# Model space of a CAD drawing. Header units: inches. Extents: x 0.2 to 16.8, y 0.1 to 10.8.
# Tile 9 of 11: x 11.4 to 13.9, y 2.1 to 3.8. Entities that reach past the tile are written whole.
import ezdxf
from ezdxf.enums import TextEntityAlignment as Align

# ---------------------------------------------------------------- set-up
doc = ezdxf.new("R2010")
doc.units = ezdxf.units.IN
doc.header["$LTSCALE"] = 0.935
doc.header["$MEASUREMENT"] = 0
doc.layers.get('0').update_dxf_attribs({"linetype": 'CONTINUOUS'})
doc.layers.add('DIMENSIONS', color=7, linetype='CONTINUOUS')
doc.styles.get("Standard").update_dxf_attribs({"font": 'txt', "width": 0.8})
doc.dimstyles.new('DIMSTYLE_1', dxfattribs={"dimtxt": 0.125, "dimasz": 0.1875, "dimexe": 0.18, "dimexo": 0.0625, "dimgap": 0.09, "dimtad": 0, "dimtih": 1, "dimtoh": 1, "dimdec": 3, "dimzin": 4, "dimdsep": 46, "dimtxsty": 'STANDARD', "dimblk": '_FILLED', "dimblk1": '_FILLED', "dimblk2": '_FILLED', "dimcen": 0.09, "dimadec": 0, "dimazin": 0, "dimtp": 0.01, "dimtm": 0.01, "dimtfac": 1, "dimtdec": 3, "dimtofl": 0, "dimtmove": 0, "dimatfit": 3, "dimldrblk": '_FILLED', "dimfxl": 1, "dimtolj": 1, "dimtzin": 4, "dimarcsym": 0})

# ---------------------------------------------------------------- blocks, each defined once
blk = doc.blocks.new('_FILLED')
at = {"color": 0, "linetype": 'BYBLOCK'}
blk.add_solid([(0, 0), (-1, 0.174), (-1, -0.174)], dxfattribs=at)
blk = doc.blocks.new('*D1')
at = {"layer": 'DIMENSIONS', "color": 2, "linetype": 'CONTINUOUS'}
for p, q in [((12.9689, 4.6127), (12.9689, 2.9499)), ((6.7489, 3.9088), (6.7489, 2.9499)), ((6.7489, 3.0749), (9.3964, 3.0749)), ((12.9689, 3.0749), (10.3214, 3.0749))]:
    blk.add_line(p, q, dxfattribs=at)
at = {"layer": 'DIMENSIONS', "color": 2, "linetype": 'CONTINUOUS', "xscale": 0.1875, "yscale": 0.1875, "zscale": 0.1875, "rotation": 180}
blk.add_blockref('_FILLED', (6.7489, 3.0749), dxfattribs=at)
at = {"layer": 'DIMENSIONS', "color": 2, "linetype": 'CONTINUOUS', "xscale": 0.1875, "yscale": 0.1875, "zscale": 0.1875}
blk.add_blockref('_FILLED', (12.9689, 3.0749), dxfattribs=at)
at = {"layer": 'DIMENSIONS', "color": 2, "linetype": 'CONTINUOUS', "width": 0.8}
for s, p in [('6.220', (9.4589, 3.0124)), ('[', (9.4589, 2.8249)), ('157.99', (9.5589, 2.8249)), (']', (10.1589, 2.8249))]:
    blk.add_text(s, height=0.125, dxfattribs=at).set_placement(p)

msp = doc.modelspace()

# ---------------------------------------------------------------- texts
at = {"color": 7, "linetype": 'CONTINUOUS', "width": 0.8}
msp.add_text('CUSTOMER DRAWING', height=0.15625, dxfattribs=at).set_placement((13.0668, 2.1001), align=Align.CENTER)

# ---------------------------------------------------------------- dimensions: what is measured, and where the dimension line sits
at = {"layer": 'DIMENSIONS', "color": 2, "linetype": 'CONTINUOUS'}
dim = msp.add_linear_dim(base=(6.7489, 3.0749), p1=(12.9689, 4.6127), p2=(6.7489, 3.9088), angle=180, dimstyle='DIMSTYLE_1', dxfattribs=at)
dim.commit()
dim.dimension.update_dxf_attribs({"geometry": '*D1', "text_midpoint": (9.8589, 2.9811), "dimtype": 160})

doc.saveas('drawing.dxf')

· · · ·

-- Aim of the task --
Note each line above that holds "layers", then copy all of them.

-- Result --
doc.layers.get('0').update_dxf_attribs({"linetype": 'CONTINUOUS'})
doc.layers.add('DIMENSIONS', color=7, linetype='CONTINUOUS')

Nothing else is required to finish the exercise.